The Braves may be the best team in baseball, and the Dodgers may be the most star-studded, but the Orioles are the team of the moment. No team better represents how baseball sharply turned an aesthetic corner this year than Baltimore.
The Orioles are the sixth-highest scoring team in baseball, and yet they are 17th in home runs. How do they do it? With a style of play that was near extinction during the launch-angle revolution: They are second in the majors at taking the extra base (behind Atlanta) and second at hitting with runners in scoring position (behind Tampa Bay).
The obvious benefit to the new MLB rules (pitch timer, limit on pickoffs, no shifts) is that games are 25 minutes faster. Just as importantly, the style of play is faster. Nobody does it better than Baltimore, which has the sixth-youngest group of position players. You see it every night. The Orioles are like an up-tempo basketball team; they can run you off the court.

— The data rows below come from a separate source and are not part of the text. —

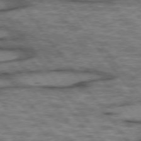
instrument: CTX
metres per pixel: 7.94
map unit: lApd
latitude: 75.3104
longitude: -48.3467

“We play faster than other teams,” manager Brandon Hyde says. “It’s not because we’re faster runners, but we feel our effort level is good almost every single night.”
At 86–51, the Orioles are winning games at a clip exceeded in franchise history only by the 1969 to ’71 teams and the ’79 team, all pennant winners. On talent and gumption, this team is entirely capable of getting the franchise back to the World Series.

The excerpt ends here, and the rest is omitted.